From 7b7d81d09e4168a901cf14eb78f33d5725a75875 Mon Sep 17 00:00:00 2001
From: Vishakha Agarwal <agarwalvishakha18@gmail.com>
Date: Tue, 25 Jun 2019 14:09:47 +0530
Subject: [PATCH] Follow bandit B105: hardcoded_password_string

tox -e bandit failing due to the string 'token'
in [1]. According to the bandit 105 any password
assigned to a string should not contain any of the
variables in [2]

[1]https://github.com/openstack/python-keystoneclient/blob/master/keystoneclient/common/cms.py#L41
[2]https://bandit.readthedocs.io/en/latest/plugins/b105_hardcoded_password_string.html

Change-Id: I822e1195532df2b701f10087cabceda458211986
---
 keystoneclient/common/cms.py | 3 ++-
 1 file changed, 2 insertions(+), 1 deletion(-)

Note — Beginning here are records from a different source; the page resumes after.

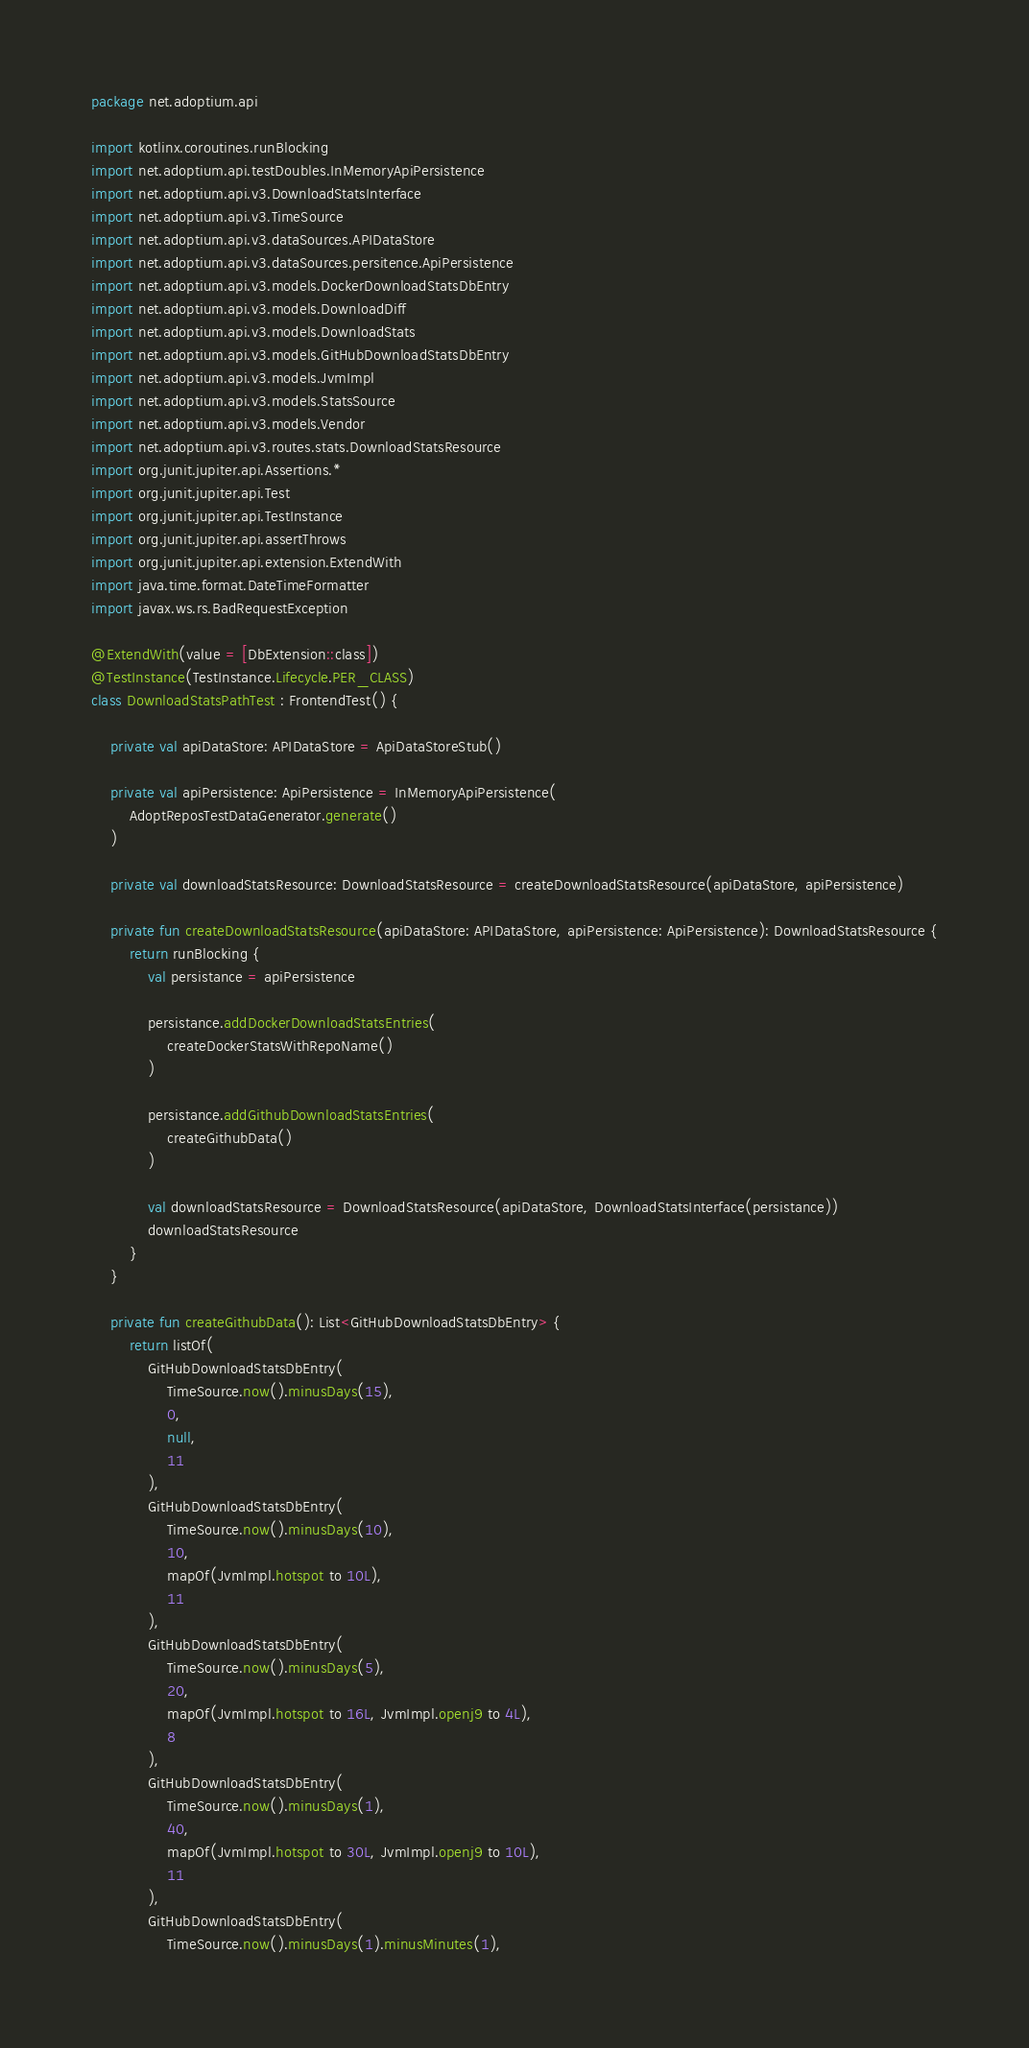<code> <loc_0><loc_0><loc_500><loc_500><_Kotlin_>package net.adoptium.api

import kotlinx.coroutines.runBlocking
import net.adoptium.api.testDoubles.InMemoryApiPersistence
import net.adoptium.api.v3.DownloadStatsInterface
import net.adoptium.api.v3.TimeSource
import net.adoptium.api.v3.dataSources.APIDataStore
import net.adoptium.api.v3.dataSources.persitence.ApiPersistence
import net.adoptium.api.v3.models.DockerDownloadStatsDbEntry
import net.adoptium.api.v3.models.DownloadDiff
import net.adoptium.api.v3.models.DownloadStats
import net.adoptium.api.v3.models.GitHubDownloadStatsDbEntry
import net.adoptium.api.v3.models.JvmImpl
import net.adoptium.api.v3.models.StatsSource
import net.adoptium.api.v3.models.Vendor
import net.adoptium.api.v3.routes.stats.DownloadStatsResource
import org.junit.jupiter.api.Assertions.*
import org.junit.jupiter.api.Test
import org.junit.jupiter.api.TestInstance
import org.junit.jupiter.api.assertThrows
import org.junit.jupiter.api.extension.ExtendWith
import java.time.format.DateTimeFormatter
import javax.ws.rs.BadRequestException

@ExtendWith(value = [DbExtension::class])
@TestInstance(TestInstance.Lifecycle.PER_CLASS)
class DownloadStatsPathTest : FrontendTest() {

    private val apiDataStore: APIDataStore = ApiDataStoreStub()

    private val apiPersistence: ApiPersistence = InMemoryApiPersistence(
        AdoptReposTestDataGenerator.generate()
    )

    private val downloadStatsResource: DownloadStatsResource = createDownloadStatsResource(apiDataStore, apiPersistence)

    private fun createDownloadStatsResource(apiDataStore: APIDataStore, apiPersistence: ApiPersistence): DownloadStatsResource {
        return runBlocking {
            val persistance = apiPersistence

            persistance.addDockerDownloadStatsEntries(
                createDockerStatsWithRepoName()
            )

            persistance.addGithubDownloadStatsEntries(
                createGithubData()
            )

            val downloadStatsResource = DownloadStatsResource(apiDataStore, DownloadStatsInterface(persistance))
            downloadStatsResource
        }
    }

    private fun createGithubData(): List<GitHubDownloadStatsDbEntry> {
        return listOf(
            GitHubDownloadStatsDbEntry(
                TimeSource.now().minusDays(15),
                0,
                null,
                11
            ),
            GitHubDownloadStatsDbEntry(
                TimeSource.now().minusDays(10),
                10,
                mapOf(JvmImpl.hotspot to 10L),
                11
            ),
            GitHubDownloadStatsDbEntry(
                TimeSource.now().minusDays(5),
                20,
                mapOf(JvmImpl.hotspot to 16L, JvmImpl.openj9 to 4L),
                8
            ),
            GitHubDownloadStatsDbEntry(
                TimeSource.now().minusDays(1),
                40,
                mapOf(JvmImpl.hotspot to 30L, JvmImpl.openj9 to 10L),
                11
            ),
            GitHubDownloadStatsDbEntry(
                TimeSource.now().minusDays(1).minusMinutes(1),</code>

diff --git a/keystoneclient/common/cms.py b/keystoneclient/common/cms.py
index 9c3e0bdfb..abd6ef6b7 100644
--- a/keystoneclient/common/cms.py
+++ b/keystoneclient/common/cms.py
@@ -38,7 +38,8 @@ PKI_ASN1_PREFIX = 'MII'
 PKIZ_PREFIX = 'PKIZ_'
 PKIZ_CMS_FORM = 'DER'
 PKI_ASN1_FORM = 'PEM'
-DEFAULT_TOKEN_DIGEST_ALGORITHM = 'sha256'
+# Adding nosec since this fails bandit B105, 'Possible hardcoded password'.
+DEFAULT_TOKEN_DIGEST_ALGORITHM = 'sha256'  # nosec
 
 
 # The openssl cms command exits with these status codes.